> Description of the task
Please print exactly the lines from the line containing "You are a GUI" through the end of the data, no more, and keep pictures out of the copy.

----- Information shown

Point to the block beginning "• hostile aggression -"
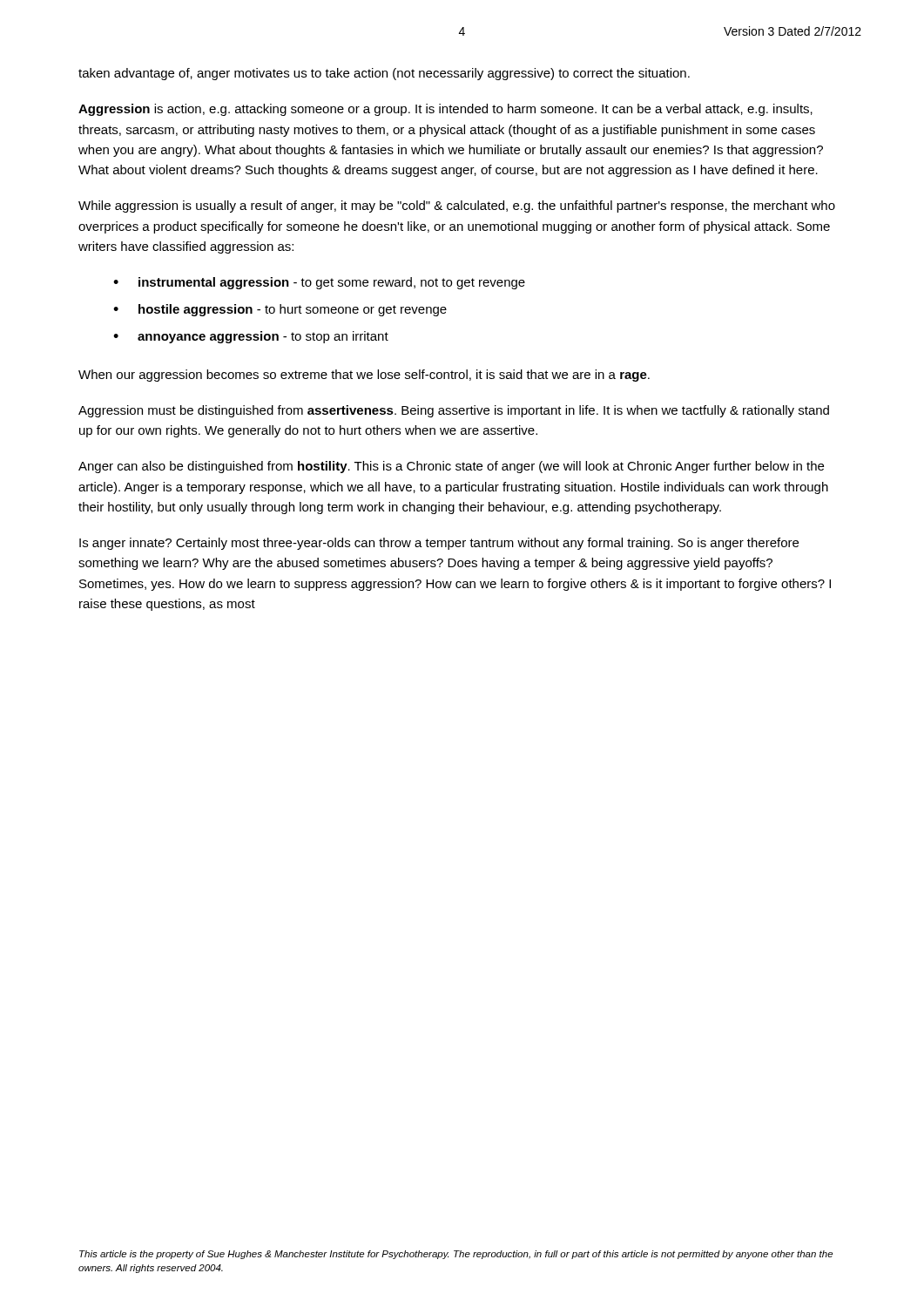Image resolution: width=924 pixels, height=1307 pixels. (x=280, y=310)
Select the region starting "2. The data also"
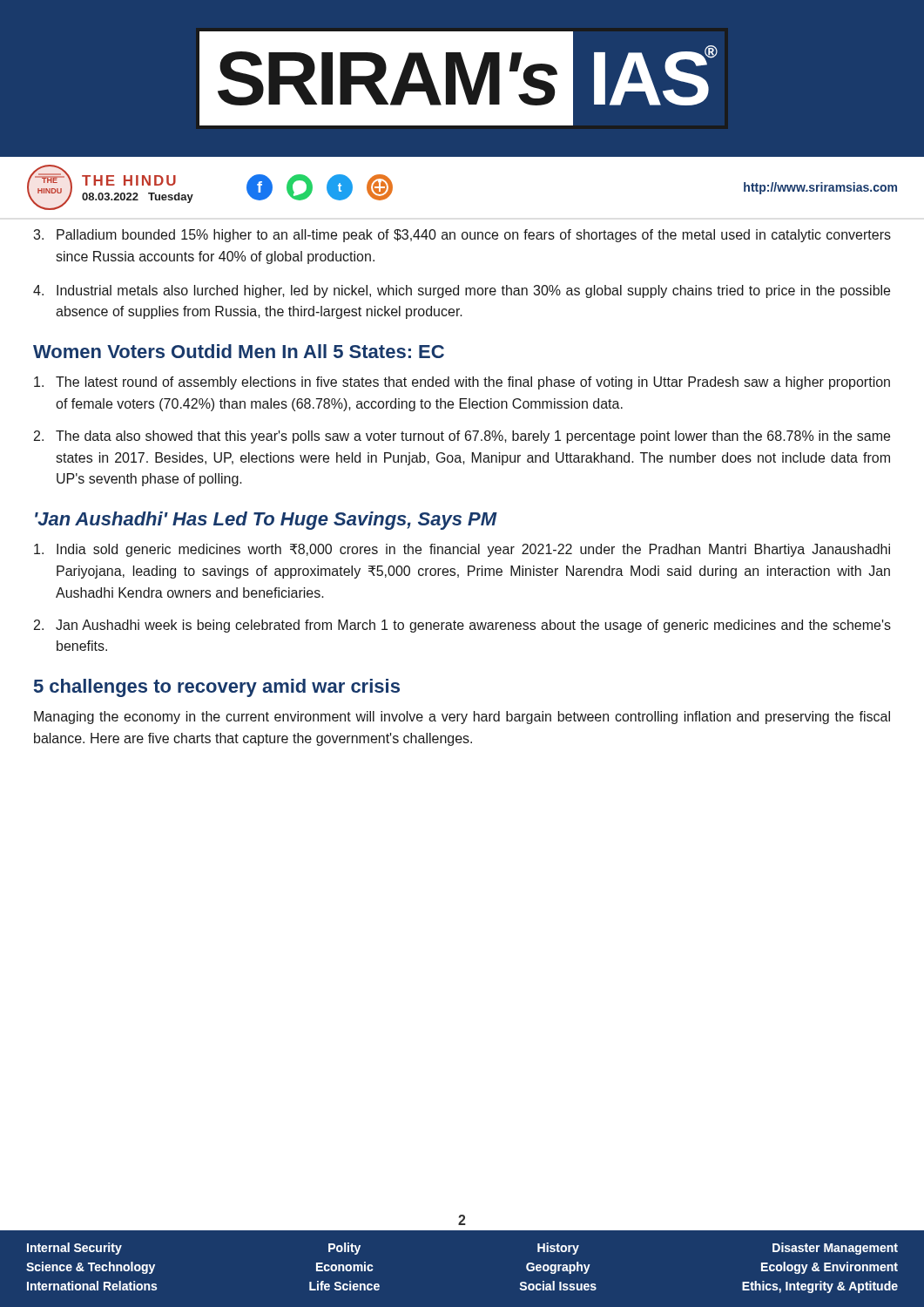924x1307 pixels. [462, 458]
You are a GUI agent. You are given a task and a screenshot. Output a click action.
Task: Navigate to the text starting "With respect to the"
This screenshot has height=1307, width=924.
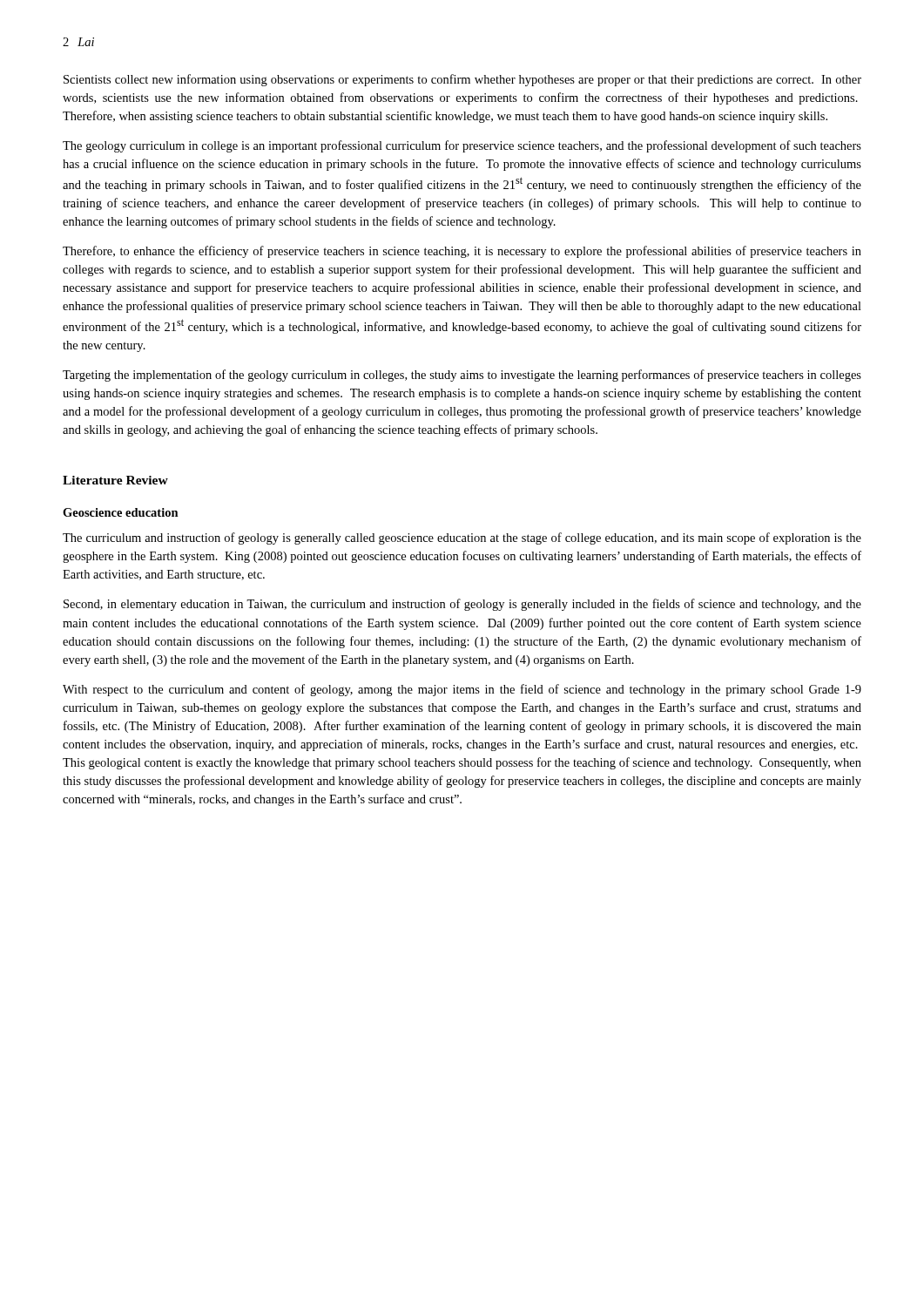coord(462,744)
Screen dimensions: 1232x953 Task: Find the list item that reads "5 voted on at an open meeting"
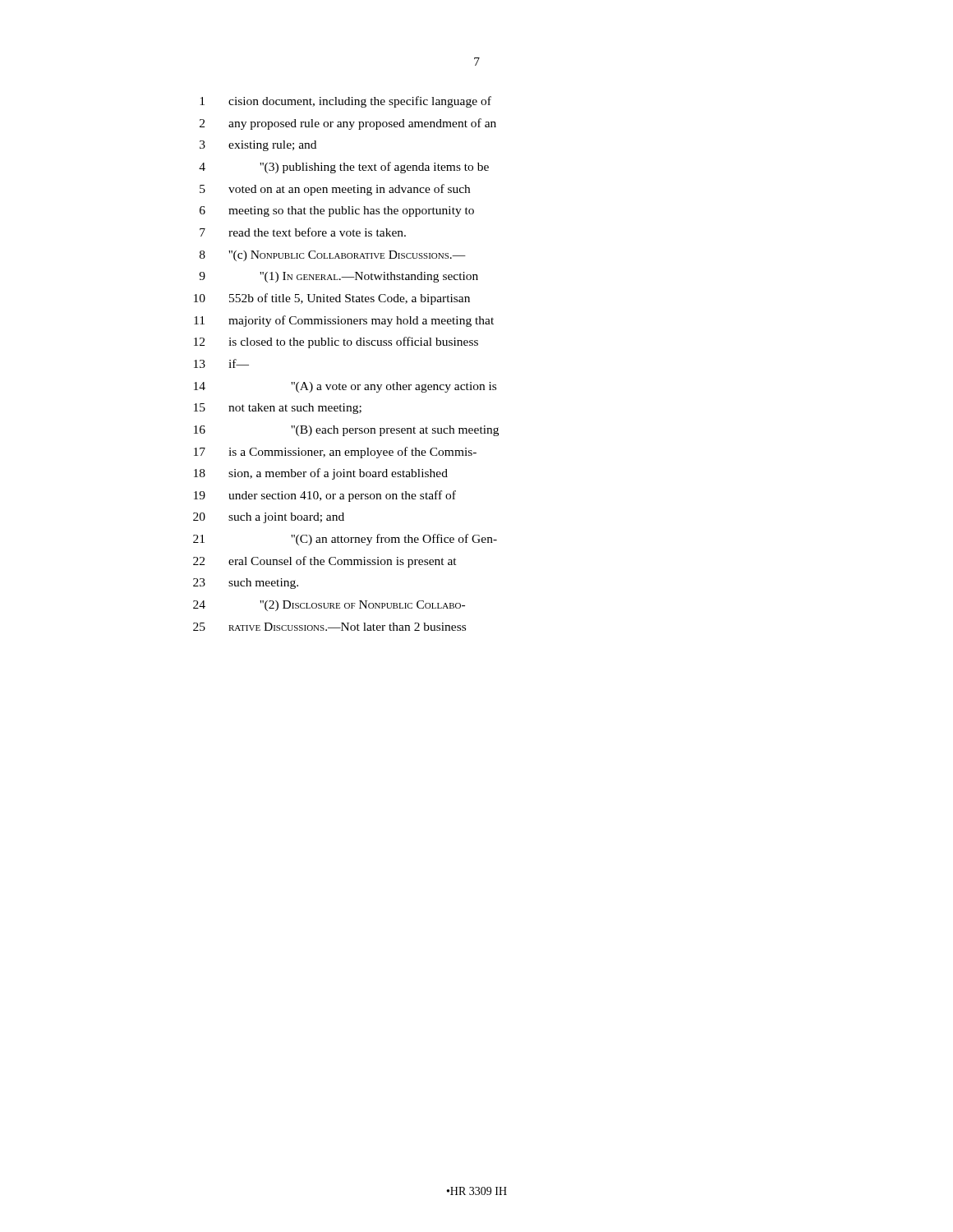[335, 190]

----------

> Reply
You are a GUI agent. You are given a task and a screenshot. Output a click action.
Task: Navigate to the text starting "With respect to the"
This screenshot has height=1307, width=924.
coord(462,744)
Screen dimensions: 1232x953 Task: Find the list item that reads "5 voted on at an open meeting"
[335, 190]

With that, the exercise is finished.